When you think of M.C. Escher, what do you think of?
I think of college dorm rooms with Escher posters on the wall, symbols of pop culture, statutes of intricate confusion and (no doubt) sources of psychedelic contemplation. They were the kind of images you were supposed to look at and see if the fish move or if the stairs go anywhere. And if you stared long enough, your whole world tilted sideways.
As an adult I have revisited his world of lithographs and woodcuts and wood engravings, and have discovered a delightful new way to look at the world.
Maurits Cornelis Escher (1898-1972) is one of the world’s most famous graphic artists. During his lifetime, he made 448 lithographs, woodcuts and wood engravings and over 2000 drawings and sketches. These feature impossible possibilities, explorations of infinity, and the magic of mathematics.

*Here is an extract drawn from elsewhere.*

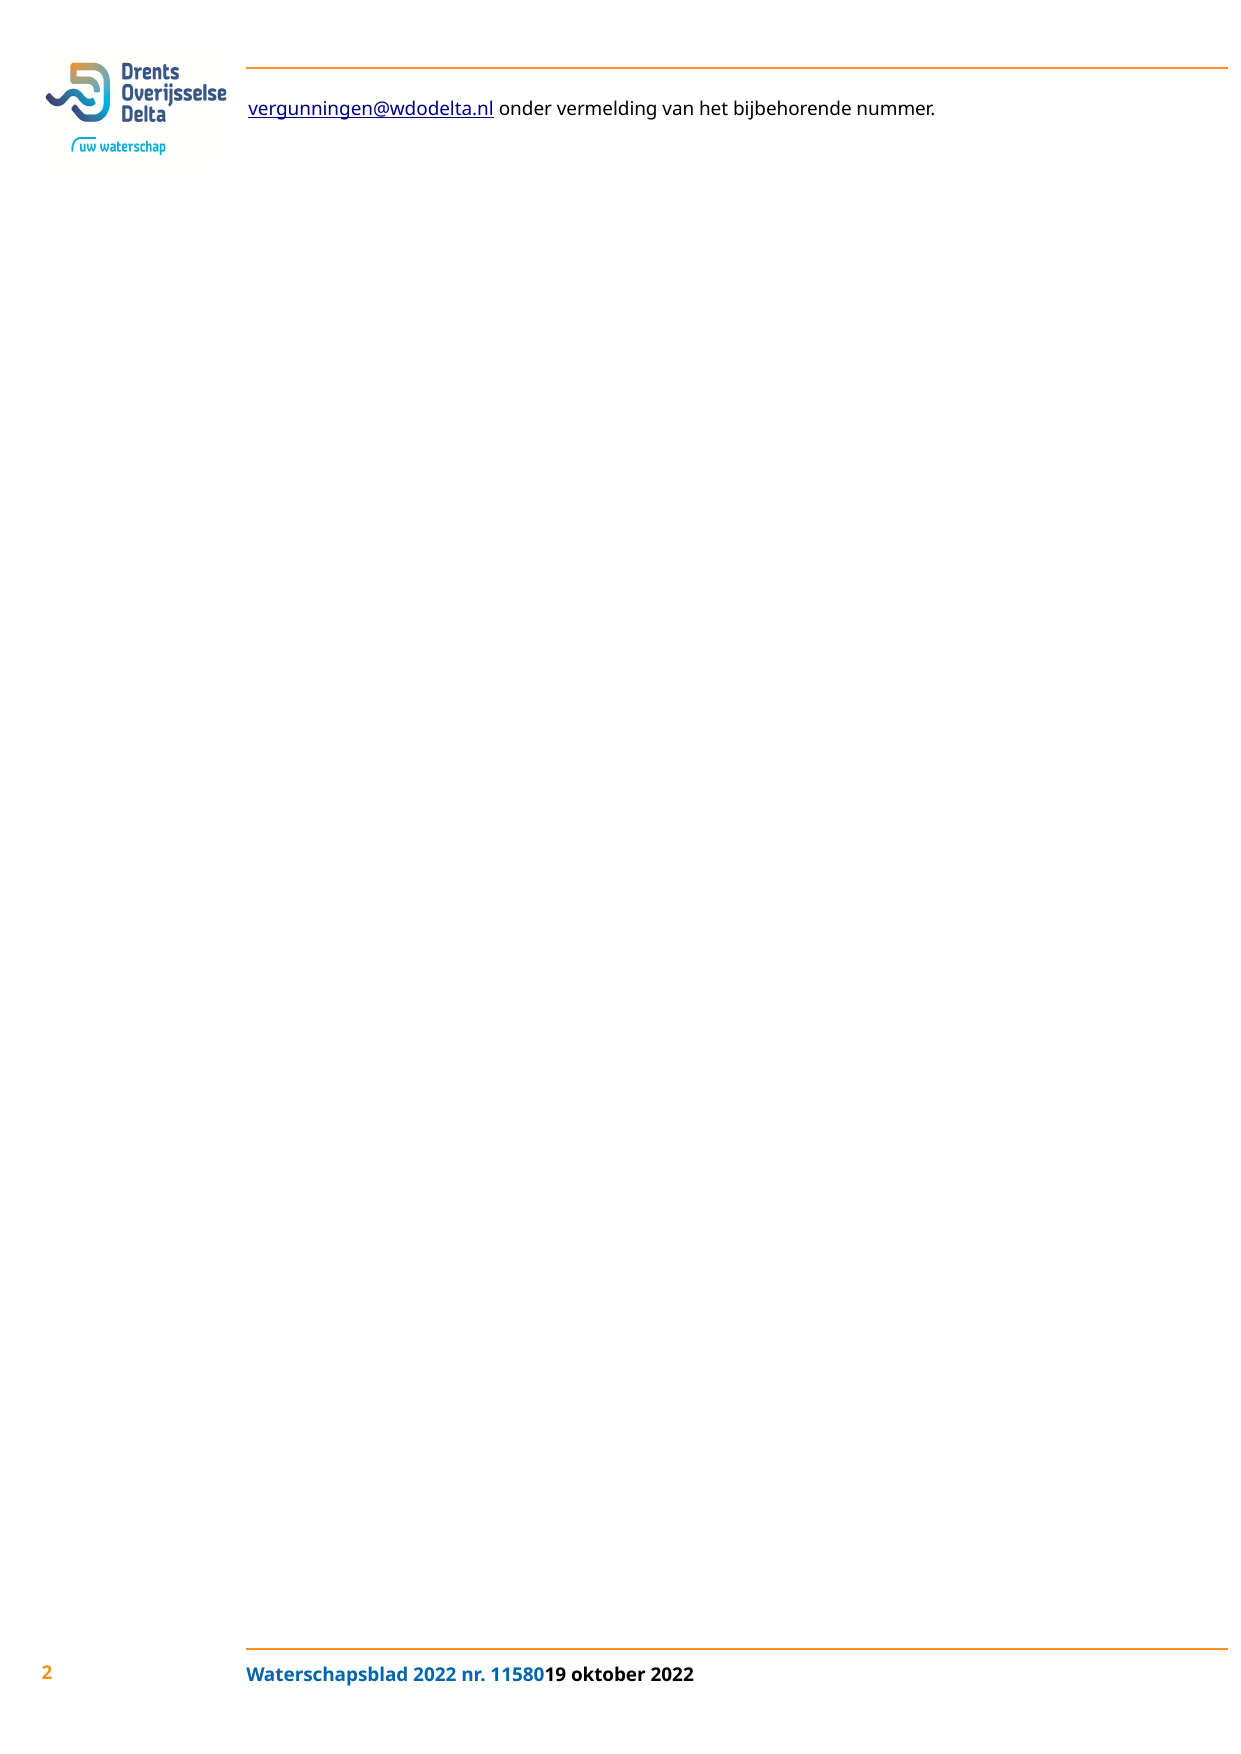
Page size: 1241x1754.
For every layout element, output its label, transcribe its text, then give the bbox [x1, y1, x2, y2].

picture [41, 47, 231, 172]
text vergunningen@wdodelta.nl onder vermelding van het bijbehorende nummer. [248, 95, 1152, 121]

Art like this is done every day by those familiar with computer graphics. But the curved perspectives, the stairs to infinity, the play of light and dark, were sketched at the turn of the century. Which, to me, makes it even more fascinating.
When you stop and look — really look — at the thought and planning that went into the impossibilities in Escher’s work, it makes you appreciate his work even more. Where do those stairs really go? Which angle am I supposed to be identifying with? Is it a fish or is it a bird?

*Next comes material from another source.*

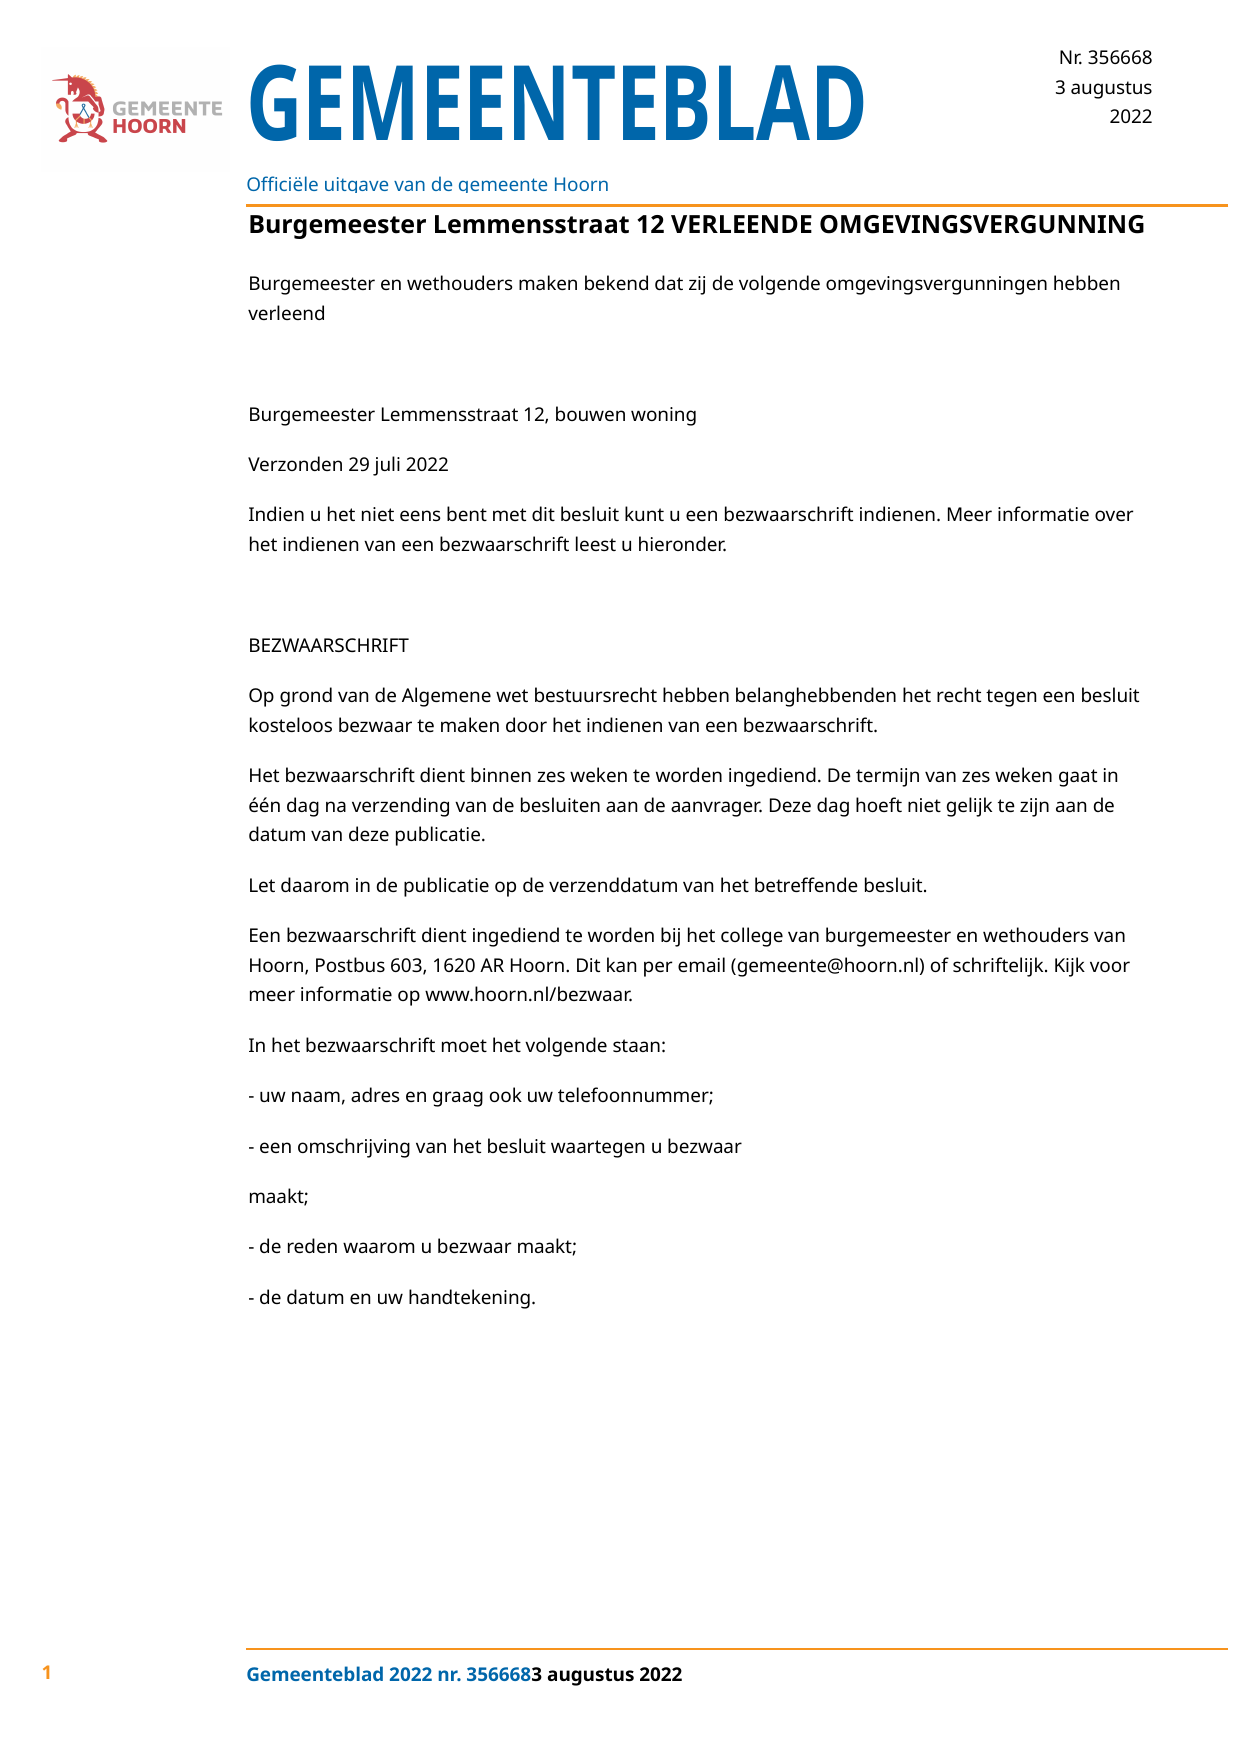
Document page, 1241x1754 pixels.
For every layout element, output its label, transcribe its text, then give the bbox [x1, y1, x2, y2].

Minds like Escher’s work in the fourth dimension. It’s as if they look down at the world from a strange angle and record what they see.
Take some time and visit Escher’s official website, http://www.mcescher.com. You will find yourself wandering through gallery after gallery, wondering how a human mind could be so creative yet so spiral. Take a few moments and just look at the artwork — you will be enchanted by his point of view, and lost in his sketches.